Figure 5. Analysis of Visium HD data for ACC24. (A) UMAP representation of Visium HD 8 µm bin-level expression data colored by cluster. (B) Heatmap showing scaled expression of select cluster marker genes (genes significantly upregulated with logFC>1 for a given cluster vs all others). (C) UMAP colored by log-normalized B2M expression. (D) Bins colored by log-normalized B2M expression in their original spatial location overlaid on H&E. (E) Volcano plot depicting results of differential expression analysis between tumor cluster C5 and other tumor clusters (C0 and C3). The genes selected for IHC validation are labeled. (F) All tumor bins colored by cluster in their original spatial location overlaid on H&E. (G) Dot plot showing one representative GO:BP term from each of 15 biological process clusters derived from semantic similarity clustering of all GO:BP terms positively enriched by GSEA. The lowest p value term in each cluster was selected as representative for visualization purposes. (H) 3 of 143 significant GO:BP terms shown as individual GSEA plots, where the x-axis represents the genes in the logFC-ranked list and the y-axis shows the running enrichment score for the given gene set. (I–L) Immunohistochemical staining was performed to validate a subset of the identified upregulated genes in the HLA class I-high ACC tumor cells. 20× images of TAP1, IRF1, and GBP1 stains are shown for HLA class I-high and HLA class I-low regions in the metastasis ACC24. Scale bar, 100 µm. ACC, adenoid cystic carcinoma; B2M, beta-2-microglobulin; GO:BP, Gene Ontology biological process; GSEA, Gene Set Enrichment Analysis; HLA, human leukocyte antigen; IHC, immunohistochemistry; UMAP, Uniform Manifold Approximation and Projection.

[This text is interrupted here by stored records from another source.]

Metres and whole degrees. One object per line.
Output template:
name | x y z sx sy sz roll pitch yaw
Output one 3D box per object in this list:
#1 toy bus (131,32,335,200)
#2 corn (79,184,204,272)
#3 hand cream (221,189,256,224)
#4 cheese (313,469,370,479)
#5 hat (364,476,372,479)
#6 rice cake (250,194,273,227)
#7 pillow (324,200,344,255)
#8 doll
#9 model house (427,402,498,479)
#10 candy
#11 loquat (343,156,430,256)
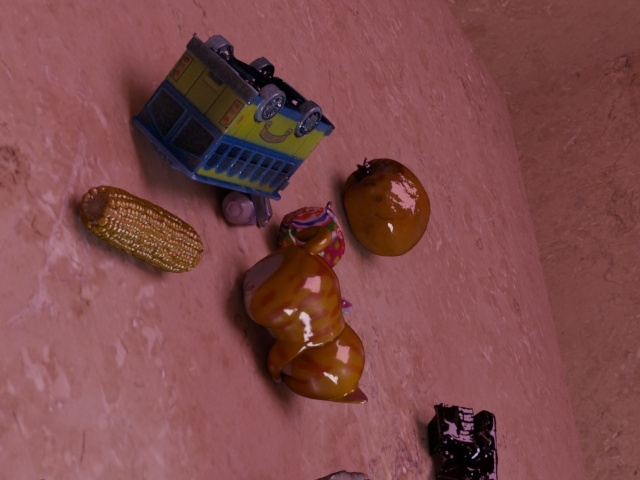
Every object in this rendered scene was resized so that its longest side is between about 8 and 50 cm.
toy bus | -0.124 -0.182 1.767 0.152 0.190 0.312 43 13 20
corn | -0.234 -0.013 1.533 0.238 0.080 0.080 36 40 -59
hand cream | -0.129 -0.059 1.887 0.142 0.053 0.084 -45 118 -78
cheese | 0.013 0.485 1.612 0.332 0.153 0.292 15 58 -64
hat | 0.069 0.487 1.896 0.173 0.144 0.166 23 31 1
rice cake | -0.113 -0.123 1.992 0.033 0.033 0.207 26 48 -61
pillow | 0.000 0.000 2.158 0.185 0.043 0.118 -33 109 -65
doll | -0.026 0.134 1.820 0.166 0.162 0.269 -97 171 -68
model house | 0.300 0.443 2.384 0.164 0.141 0.203 54 27 -61
candy | 0.013 0.115 2.042 0.124 0.124 0.365 -51 128 -66
loquat | 0.138 -0.073 2.396 0.187 0.176 0.234 -103 169 -67
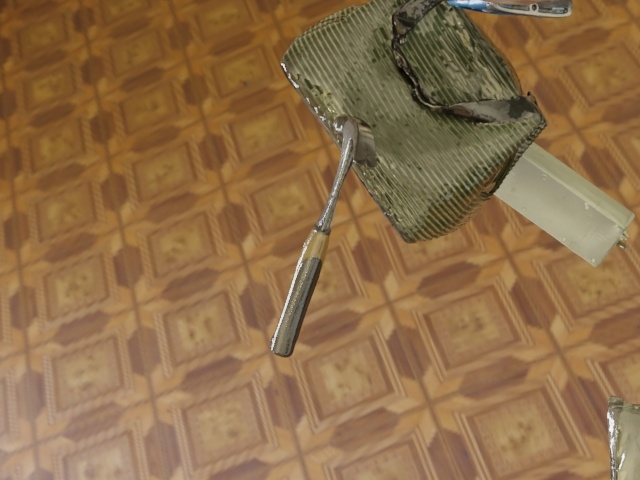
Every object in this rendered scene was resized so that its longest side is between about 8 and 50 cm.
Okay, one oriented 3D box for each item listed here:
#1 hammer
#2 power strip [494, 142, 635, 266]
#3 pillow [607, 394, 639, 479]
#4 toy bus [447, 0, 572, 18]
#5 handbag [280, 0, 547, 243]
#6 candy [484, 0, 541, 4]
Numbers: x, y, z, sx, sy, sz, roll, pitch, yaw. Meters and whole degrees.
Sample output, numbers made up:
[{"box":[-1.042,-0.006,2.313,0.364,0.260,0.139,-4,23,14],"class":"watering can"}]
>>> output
[{"box":[0.000,0.000,0.876,0.078,0.021,0.201,-136,63,-68],"class":"hammer"},{"box":[0.318,-0.091,1.682,0.367,0.106,0.043,38,51,12],"class":"power strip"},{"box":[0.432,0.326,1.376,0.169,0.059,0.255,0,74,20],"class":"pillow"},{"box":[0.214,-0.364,1.230,0.116,0.234,0.133,1,5,-25],"class":"toy bus"},{"box":[0.138,-0.187,1.463,0.240,0.247,0.341,-37,88,16],"class":"handbag"},{"box":[0.048,-0.179,0.448,0.289,0.214,0.157,31,108,60],"class":"candy"}]
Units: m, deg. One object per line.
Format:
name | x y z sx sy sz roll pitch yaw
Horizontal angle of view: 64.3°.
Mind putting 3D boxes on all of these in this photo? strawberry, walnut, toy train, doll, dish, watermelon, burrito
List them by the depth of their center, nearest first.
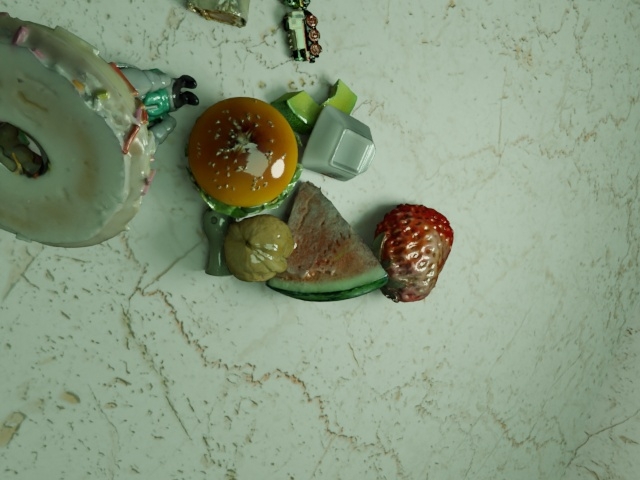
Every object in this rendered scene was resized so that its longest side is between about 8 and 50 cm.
doll | -0.344 -0.253 0.930 0.258 0.153 0.195 -49 139 -15
burrito | -0.186 -0.581 0.983 0.143 0.105 0.300 -3 105 -28
walnut | -0.132 0.015 1.070 0.149 0.166 0.166 41 75 10
toy train | -0.049 -0.517 1.117 0.085 0.053 0.250 -17 111 -20
dish | 0.069 -0.214 1.217 0.234 0.064 0.154 9 107 -53
watermelon | 0.000 0.036 1.252 0.282 0.293 0.250 -5 151 -7
strawberry | 0.275 0.024 1.360 0.336 0.149 0.265 -36 121 -42

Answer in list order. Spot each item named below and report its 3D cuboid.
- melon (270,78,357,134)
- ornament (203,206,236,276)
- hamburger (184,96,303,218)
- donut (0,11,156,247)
melon | -0.003 -0.310 1.193 0.209 0.064 0.118 -32 112 -25
ornament | -0.219 -0.003 1.123 0.081 0.074 0.156 -9 106 -45
hamburger | -0.152 -0.170 1.026 0.245 0.170 0.246 1 83 -10
donut | -0.440 -0.165 0.804 0.382 0.142 0.383 4 125 6
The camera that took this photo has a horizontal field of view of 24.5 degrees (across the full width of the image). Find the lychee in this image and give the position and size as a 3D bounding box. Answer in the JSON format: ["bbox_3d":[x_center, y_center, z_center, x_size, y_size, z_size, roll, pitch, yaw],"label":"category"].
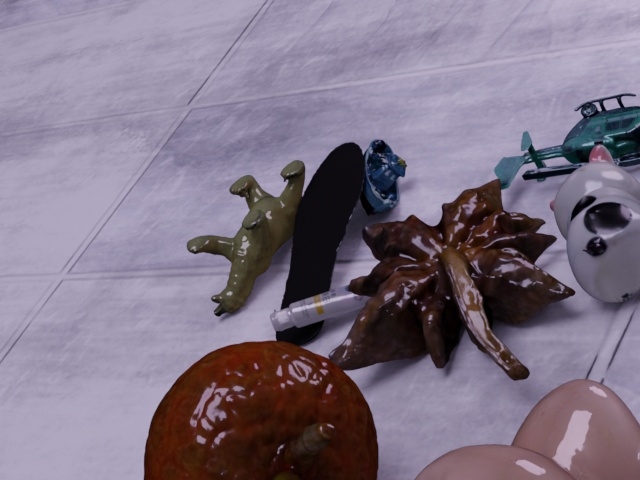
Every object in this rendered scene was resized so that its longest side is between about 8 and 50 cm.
[{"bbox_3d":[-0.057,0.226,1.476,0.255,0.255,0.300,-50,24,-25],"label":"lychee"}]

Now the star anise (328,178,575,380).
[{"bbox_3d":[0.150,0.040,1.663,0.292,0.109,0.349,-19,34,32],"label":"star anise"}]

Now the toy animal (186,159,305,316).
[{"bbox_3d":[-0.087,-0.004,1.961,0.103,0.101,0.218,-1,40,37],"label":"toy animal"}]

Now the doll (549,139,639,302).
[{"bbox_3d":[0.311,-0.014,1.591,0.110,0.107,0.180,-46,19,22],"label":"doll"}]

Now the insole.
[{"bbox_3d":[0.000,0.000,1.893,0.109,0.007,0.322,-17,46,36],"label":"insole"}]

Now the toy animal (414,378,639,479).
[{"bbox_3d":[0.201,0.241,1.252,0.221,0.210,0.229,-36,-6,5],"label":"toy animal"}]

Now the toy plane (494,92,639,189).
[{"bbox_3d":[0.319,-0.112,1.771,0.235,0.060,0.096,-11,51,26],"label":"toy plane"}]

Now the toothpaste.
[{"bbox_3d":[0.032,0.070,1.785,0.190,0.031,0.048,-18,40,3],"label":"toothpaste"}]

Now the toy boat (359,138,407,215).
[{"bbox_3d":[0.083,-0.085,1.942,0.061,0.060,0.137,-38,26,31],"label":"toy boat"}]
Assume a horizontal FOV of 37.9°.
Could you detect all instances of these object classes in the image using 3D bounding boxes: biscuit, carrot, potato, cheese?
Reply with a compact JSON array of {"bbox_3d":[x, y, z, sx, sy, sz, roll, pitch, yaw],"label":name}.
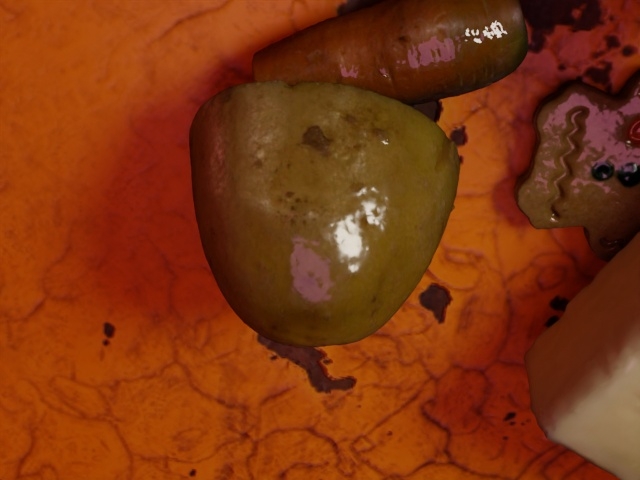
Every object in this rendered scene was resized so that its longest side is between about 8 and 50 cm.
[{"bbox_3d":[0.270,-0.053,0.724,0.225,0.036,0.166,9,116,-2],"label":"biscuit"},{"bbox_3d":[0.048,-0.132,0.666,0.193,0.087,0.087,-14,115,8],"label":"carrot"},{"bbox_3d":[0.000,0.000,0.667,0.203,0.158,0.178,21,143,-28],"label":"potato"},{"bbox_3d":[0.333,0.081,0.723,0.242,0.124,0.265,24,122,-22],"label":"cheese"}]
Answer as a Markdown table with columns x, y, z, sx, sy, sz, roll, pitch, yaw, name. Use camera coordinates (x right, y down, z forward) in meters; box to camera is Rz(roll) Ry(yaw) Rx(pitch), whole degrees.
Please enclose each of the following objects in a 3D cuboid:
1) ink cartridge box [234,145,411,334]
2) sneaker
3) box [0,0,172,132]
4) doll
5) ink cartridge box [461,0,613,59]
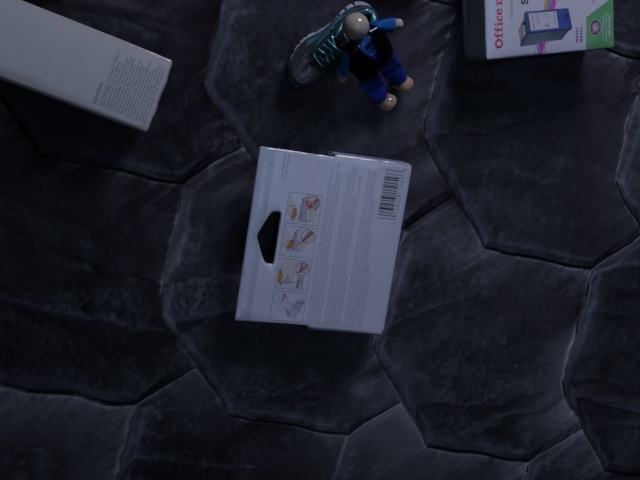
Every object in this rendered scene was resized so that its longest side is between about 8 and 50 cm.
| x | y | z | sx | sy | sz | roll | pitch | yaw | name |
| --- | --- | --- | --- | --- | --- | --- | --- | --- | --- |
| 0.000 | 0.000 | 1.376 | 0.239 | 0.060 | 0.275 | 7 | 101 | -14 | ink cartridge box |
| 0.019 | -0.289 | 1.310 | 0.166 | 0.076 | 0.065 | -46 | 107 | -1 | sneaker |
| -0.350 | -0.246 | 1.223 | 0.275 | 0.094 | 0.113 | 21 | 96 | -16 | box |
| 0.077 | -0.267 | 1.292 | 0.129 | 0.046 | 0.189 | -47 | 147 | 0 | doll |
| 0.329 | -0.359 | 1.362 | 0.212 | 0.093 | 0.154 | -6 | 104 | -10 | ink cartridge box |

Figure 6. Restoration of B2M expression with immune activator treatment. (A–E) Histochemical images of HLA-class I, B2M, B2M RNA in-situ hybridization, PD-L1, and NFIB of three ACC slice cultures treated with DMSO (control), interferon-γ, or STING agonist. Representative images are shown at 20× magnification. Scale bar, 100 µm. ACC, adenoid cystic carcinoma; B2M, beta-2-microglobulin; DMSO, dimethyl sulfoxide; HLA, human leukocyte antigen; IFN, interferon; NFIB, nuclear factor I B; PD-L1, programmed death-ligand 1; STING, stimulator of the interferon genes.

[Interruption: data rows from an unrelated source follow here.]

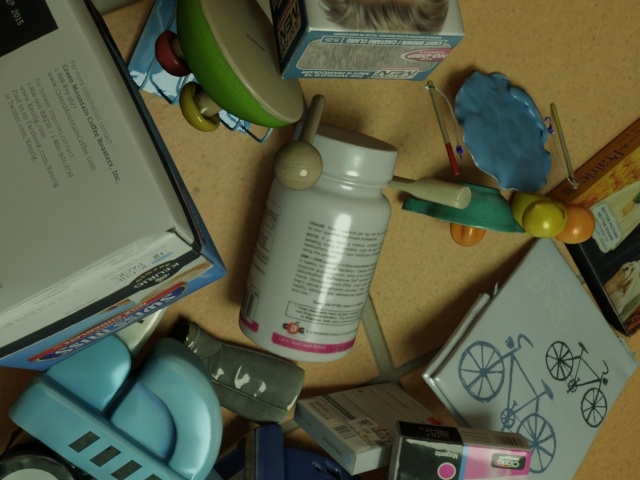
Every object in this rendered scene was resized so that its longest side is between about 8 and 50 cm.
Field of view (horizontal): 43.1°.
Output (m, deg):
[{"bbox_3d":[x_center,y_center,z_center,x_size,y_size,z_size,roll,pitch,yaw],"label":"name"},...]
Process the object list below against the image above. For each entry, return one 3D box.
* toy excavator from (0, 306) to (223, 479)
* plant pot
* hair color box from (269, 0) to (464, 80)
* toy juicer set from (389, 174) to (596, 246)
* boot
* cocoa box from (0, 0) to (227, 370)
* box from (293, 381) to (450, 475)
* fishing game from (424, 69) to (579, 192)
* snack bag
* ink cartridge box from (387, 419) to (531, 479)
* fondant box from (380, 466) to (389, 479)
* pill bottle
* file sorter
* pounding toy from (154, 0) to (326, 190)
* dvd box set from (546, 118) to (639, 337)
[{"bbox_3d":[-0.228,0.137,0.963,0.433,0.222,0.445,39,82,-9],"label":"toy excavator"},{"bbox_3d":[-0.079,0.414,1.123,0.236,0.236,0.212,-38,113,16],"label":"plant pot"},{"bbox_3d":[0.027,-0.349,0.860,0.173,0.105,0.347,-4,75,-20],"label":"hair color box"},{"bbox_3d":[0.224,-0.028,1.107,0.328,0.209,0.090,8,98,-25],"label":"toy juicer set"},{"bbox_3d":[-0.147,0.220,1.140,0.208,0.076,0.190,33,97,-36],"label":"boot"},{"bbox_3d":[-0.276,-0.082,0.773,0.231,0.228,0.347,-27,77,-2],"label":"cocoa box"},{"bbox_3d":[0.077,0.266,1.174,0.186,0.145,0.038,-4,114,-37],"label":"box"},{"bbox_3d":[0.249,-0.149,1.122,0.264,0.041,0.189,-3,72,-37],"label":"fishing game"},{"bbox_3d":[0.339,0.198,1.255,0.323,0.037,0.342,51,63,-17],"label":"snack bag"},{"bbox_3d":[0.167,0.434,1.099,0.175,0.069,0.371,6,101,-2],"label":"ink cartridge box"},{"bbox_3d":[0.156,0.492,1.264,0.096,0.238,0.330,26,99,-30],"label":"fondant box"},{"bbox_3d":[0.000,0.000,1.055,0.160,0.160,0.283,8,107,-24],"label":"pill bottle"},{"bbox_3d":[-0.126,-0.201,0.958,0.170,0.104,0.118,21,102,-28],"label":"file sorter"},{"bbox_3d":[-0.097,-0.163,0.850,0.110,0.183,0.237,-26,126,20],"label":"pounding toy"},{"bbox_3d":[0.591,-0.078,1.319,0.420,0.062,0.308,-38,119,-4],"label":"dvd box set"}]
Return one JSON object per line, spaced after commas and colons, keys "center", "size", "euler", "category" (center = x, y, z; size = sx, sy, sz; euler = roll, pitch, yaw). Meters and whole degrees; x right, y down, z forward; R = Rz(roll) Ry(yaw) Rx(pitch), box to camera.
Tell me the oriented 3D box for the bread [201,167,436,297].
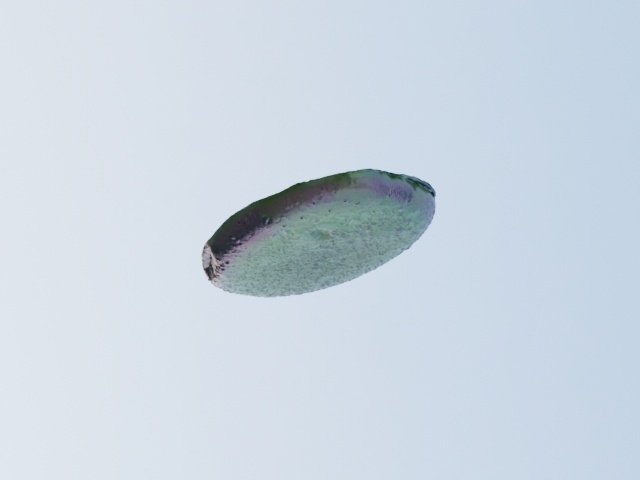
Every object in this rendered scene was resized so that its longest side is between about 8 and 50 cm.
{"center": [0.000, 0.000, 1.683], "size": [0.228, 0.228, 0.033], "euler": [-42, -124, 44], "category": "bread"}
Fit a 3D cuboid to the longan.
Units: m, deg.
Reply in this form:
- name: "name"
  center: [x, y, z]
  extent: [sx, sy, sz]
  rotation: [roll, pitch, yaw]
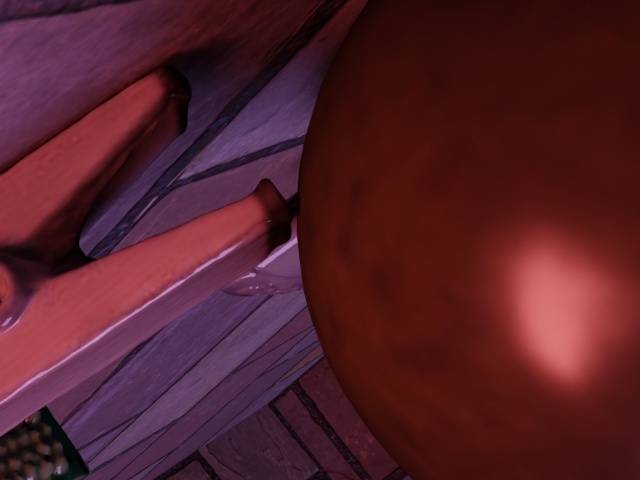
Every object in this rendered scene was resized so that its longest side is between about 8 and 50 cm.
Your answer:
- name: "longan"
  center: [0.159, -0.004, 0.641]
  extent: [0.361, 0.361, 0.361]
  rotation: [-37, 173, -6]

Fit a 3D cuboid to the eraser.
- name: "eraser"
  center: [0.001, 0.001, 1.260]
  extent: [0.204, 0.059, 0.243]
  rotation: [-38, 168, -4]

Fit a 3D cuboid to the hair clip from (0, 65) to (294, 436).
- name: "hair clip"
  center: [-0.173, 0.047, 0.609]
  extent: [0.331, 0.101, 0.085]
  rotation: [-34, 175, -12]

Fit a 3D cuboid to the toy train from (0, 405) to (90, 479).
- name: "toy train"
  center: [-0.271, 0.156, 0.745]
  extent: [0.154, 0.115, 0.269]
  rotation: [-45, 165, 34]

Figure 7. Patient with ACC with recurrent and metastatic disease treated with intravenous STING agonist, dazostinag, and pembrolizumab in the dose escalation cohort of a phase 1 clinical study. (A) Multiplex-immunofluorescence of the primary tumor of an index patient with ACC, showing the CK, MYB, NFIB, p63, SOX2, HLA-class I, B2M, and PD-L1 expression. Representative images are shown at 20× magnification. Scale bar, 100 µm. (B) CT scans of the patient with ACC with pulmonary metastasis at baseline and after a 9-month treatment course of intravenous STING agonist, dazostinag, in combination with pembrolizumab intravenous. The patient achieved a partial response, with a 70% reduction of the target lesion. ACC, adenoid cystic carcinoma; B2M, beta-2-microglobulin; HLA, human leukocyte antigen; NFIB, nuclear factor I B; PD-L1, programmed death-ligand 1; STING, stimulator of the interferon genes.